Wherein, the corresponding action classification of image that the identification information is used to indicate to be obtained according to neural computing, institute At the beginning of end time or the next action of stating action of the predictive information for indicating to obtain according to neural computing.

Specifically, it is assumed that it is respectively V that training, which is concentrated with S training video,₀…V_s-1, each training video may include one A or multiple actions randomly select a training video from training set, it is assumed that the training video of selection is V_i, the video is by N Group of picture at being denoted as f respectively^Vi ₁…f^Vi _N。

First, by the skeleton data f of each frame image in training video^Vi ₁…f^Vi _NIt is input to the feature extraction unit of neural network Point, corresponding characteristic information is obtained, is as follows：

Skeleton data is input to shot and long term Memory Neural Networks (a kind of Recognition with Recurrent Neural Network) by step 1021, utilizes public affairs Formula (1) obtains accordingly exporting h₁…h_N。

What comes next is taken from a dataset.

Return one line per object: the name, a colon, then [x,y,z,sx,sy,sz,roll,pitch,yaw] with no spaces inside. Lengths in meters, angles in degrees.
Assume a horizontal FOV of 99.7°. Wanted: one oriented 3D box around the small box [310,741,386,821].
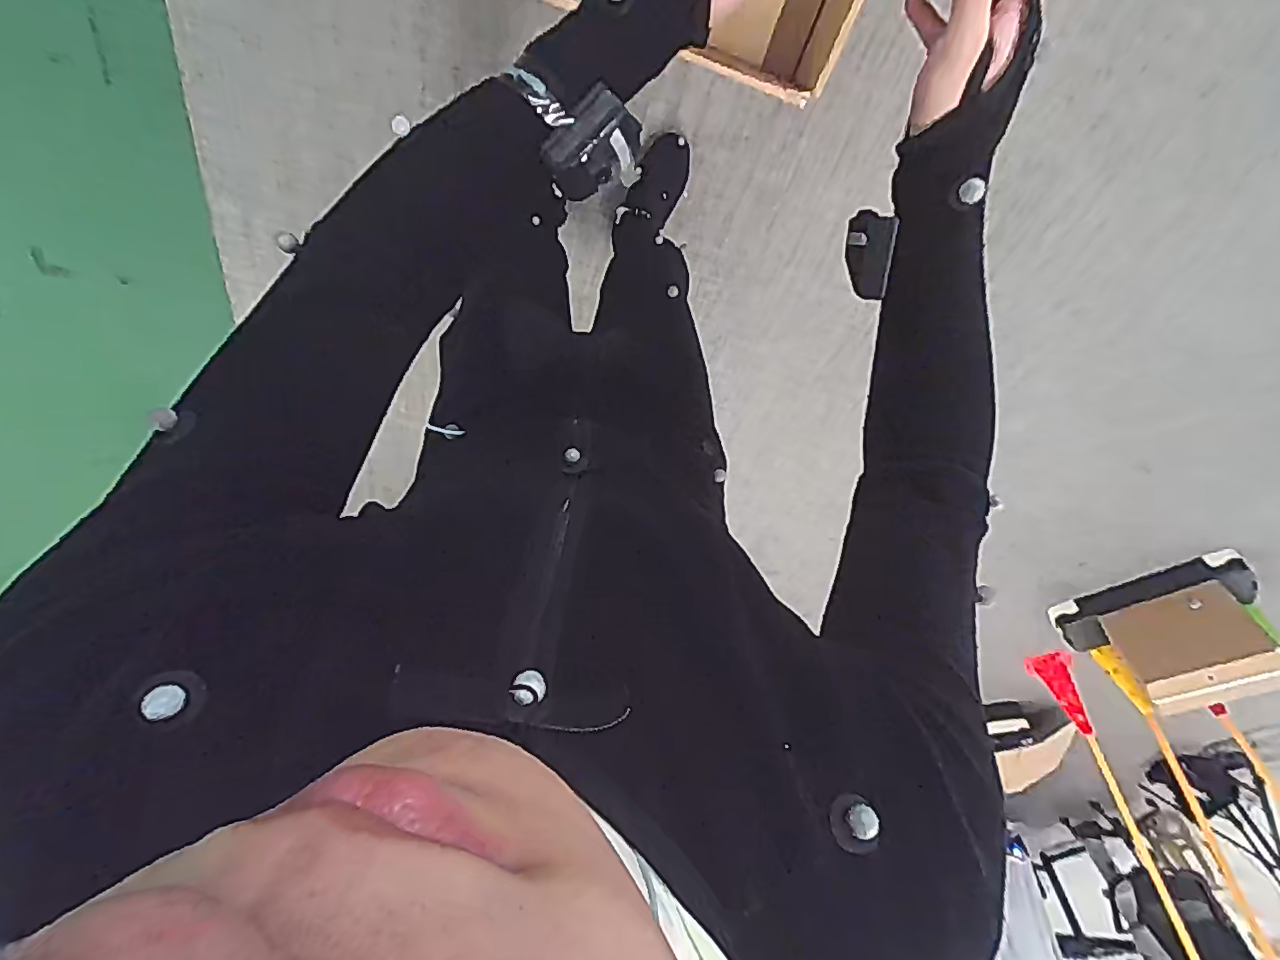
small box: [-0.916,0.953,1.711,0.168,0.176,0.179,14,131,-12]

h₁,h₂,…,h_N-1=LSTM (f₁,f₂,…,f_N) (1)

In formula (1), f_tFor the corresponding skeleton data of video t frame images, h_tIt is L for the intermediate parameters of t frame images × 1 vector, LSTM are shot and long term Memory Neural Networks function, and the parameter in the function generates at random when initial, later basis The error of step 103 is modified.

Step 1022, the h that will be calculated₁…h_NIt is input to full Connection Neural Network, is accordingly tied using formula (2) Fruit.

In formula (2), W_k,jIt is the matrix of a L × L, the matrix for the matrix to be asked in full Connection Neural Network function It is random number when parameter is initial, is modified later according to the error of step 103.L depends on the vector length of framework information.g_i Indicate the characteristic information of the i-th frame image, h_iIndicate that the intermediate parameters of the i-th frame image obtained according to formula (1), the value of i are From 1 to N, h_iAnd g_iAll it is the vector of L × 1, therefore the value of j is from 1 to L.

Step 1023 obtains g_i(j)Afterwards, random loss vector portion numerical value within a preset range, prevents over-fitting.

Step 1021 is repeated to step 1023 three times, finally obtains corresponding characteristic information g₁…g_N.Wherein g_i∈R^Lx1, it is L is multiplied by 1 real vector, and L values are respectively [100,120,100] in calculating three times, is changed by the height of L values, is realized Processing of the low-dimensional to higher-dimension, again from higher-dimension to low-dimensional so that the robustness of neural network is more preferable.

Then, after the characteristic information for obtaining each frame image, the characteristic information g that will obtain₀…g_N-1It is separately input to more Business part of neural network, obtains the identification information and predictive information of each frame, is as follows：

Step 1024, by characteristic information g₁…g_NIt is input to full Connection Neural Network, identification information is obtained using formula (3).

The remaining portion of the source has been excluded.